Yukari Ishiguro1,3,*, Hitoshi Ishiguro2,3,*, and Hiroshi Miyamoto3

1 Department of Biology and Function in the Head and Neck, Yokohama City University Graduate School of Medicine, Yokohama, Kanagawa, Japan

2 Department of Urology, Yokohama City University Graduate School of Medicine, Yokohama, Kanagawa, Japan

3 Department of Pathology and Laboratory Medicine, University of Rochester Medical Center, Rochester, New York

* Y. I. and H. I. contributed equally to this work.

Correspondence:

Yukari Ishiguro, email:

Keywords: fibrosis, EGFR-TKI, IL-6, cytokine, side-effect

Received: March 15, 2013 Accepted: March 29, 2013 Published: March 31, 2013

Abstract

Acute interstitial pneumonia is one of serious side effects of epidermal growth factor receptor (EGFR)-tyrosine kinase inhibitor (TKI) treatment, while it often has significant clinical benefit in cancer patients. Therefore, it is necessary to clarify underlying mechanisms for the development of the adverse effects by EGFR-TKI. In the present study, we attempted to determine how EGFR-TKI treatment in cancer cells induced interstitial pneumonia. The growth of tongue cancer HSC-3 and lung cancer A549 cell lines treated with EGFR-TKI was assessed by MTT assay. Cytokines and growth factors in conditioned medium obtained from EGFR-TKI-treated cancer cells were analyzed using cytokine membrane array and ELISA. Interleukin-6 (IL-6) promoter activity was measured by luciferase assay. We found that EGFR-TKI treatment significantly decreased the cell viability yet increased expression levels of IL-6 protein and mRNA, IL-6 secretion, and IL-6 transcriptional activity in these lines. In addition, using the co-culture model and IL-6 treatment was found to increase the expression of collagen and α-actin, which were markers for fibrosis, in lung fibroblast cells. These results suggest that up-regulated IL-6 plays an important role in the development of EGFR-TKI-induced interstitial fibroblastic proliferation. Therefore, blocking of IL-6 signaling could be beneficial to cancer patients undergoing EGFR-TKI treatment for reducing the risk of its unfavorable effects.


Introduction

Epidermal growth factor (EGF) is a well-known growth factor that promotes cancer progression. EGF stimulates cancer growth through the EGFR receptor (EGFR) pathway. Most of cancer tissues are shown to overexpress EGFR, and EGF-EGFR axis has been considered a attractive target for cancer treatment.

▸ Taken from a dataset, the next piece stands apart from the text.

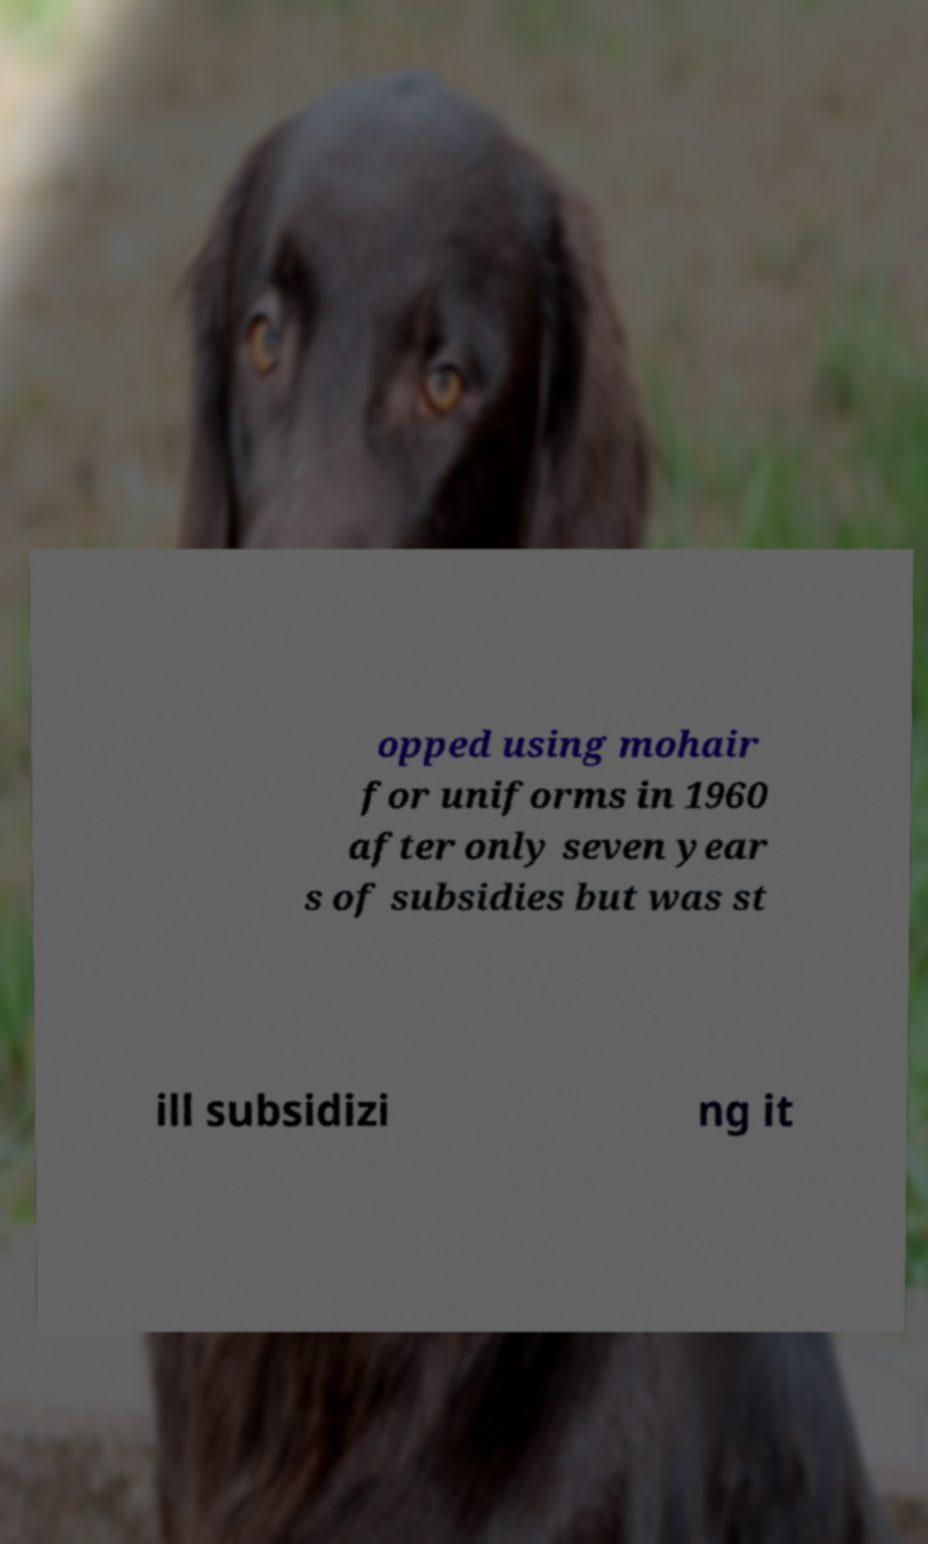For documentation purposes, I need the text within this image transcribed. Could you provide that? opped using mohair for uniforms in 1960 after only seven year s of subsidies but was st ill subsidizi ng it

Indeed, EGFR-tyrosine kinase inhibitors (EGFR-TKIs) have been developed and clinically used in patients with malignancy, especially non-small cell lung carcinoma [1,2]. EGFR-TKI effectively blocks the EGFR pathway via suppression of EGFR phosphorylation and can therefore inhibit the growth of cancer cells dramatically. On the other hand, the effect of EGFR-TKI is dependent on mutations of EGFR and KRAS, MET amplification, and the interaction between EGFR and HER-2 and so on [2-6]. More importantly, EGFR-TKI treatment gives rise to severe side effects, including acute interstitial pneumonia [7]. Although some studies have suggested risk factors for side effects [8-12], detailed molecular mechanism for their development remains unknown.

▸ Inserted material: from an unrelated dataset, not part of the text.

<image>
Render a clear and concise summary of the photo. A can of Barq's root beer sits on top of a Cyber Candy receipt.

Recently, Kim et al. indicated that EGFR-TKI activated STAT3 in non-small cell lung cancer cells [13]. They also showed that STAT3 activation was caused by interleukin-6 (IL-6) in an autocrine manner. IL-6 is one of inflammatory cytokines and is well known as a cancer progression-related cytokine [14,15]. Because STAT3 is one of the targets for anti-cancer drug resistance [16], most of investigations have been only focused on how IL-6 regulates the drug resistance in EGFR-TKI-treated cancer cells.

In the current study, we explored therapeutic effects of EGFR tyrosine kinase inhibition, using two EGFR-TKIs and an αEGFR antibody, in human tongue and lung cancer cell lines. Further, we found that EGFR blocking could increase IL-6 in the cancer cells. Because IL-6 has been suggested to contribute to the development or progression of acute interstitial pneumonia [17-20], we anticipated the possible linkage between IL-6 from cancer cells and EGFR-TKI-induced acute interstitial pneumonia. Our results suggested that IL-6 secreted from EGFR-TKI-treated cancer cells induced lung fibrosis. Accordingly, a combination of IL-6 pathway blocker and EGFR-TKI may show more favorable effects in cancer patients.

Results

EGFR-TKI inhibits the growth of cancer cell lines.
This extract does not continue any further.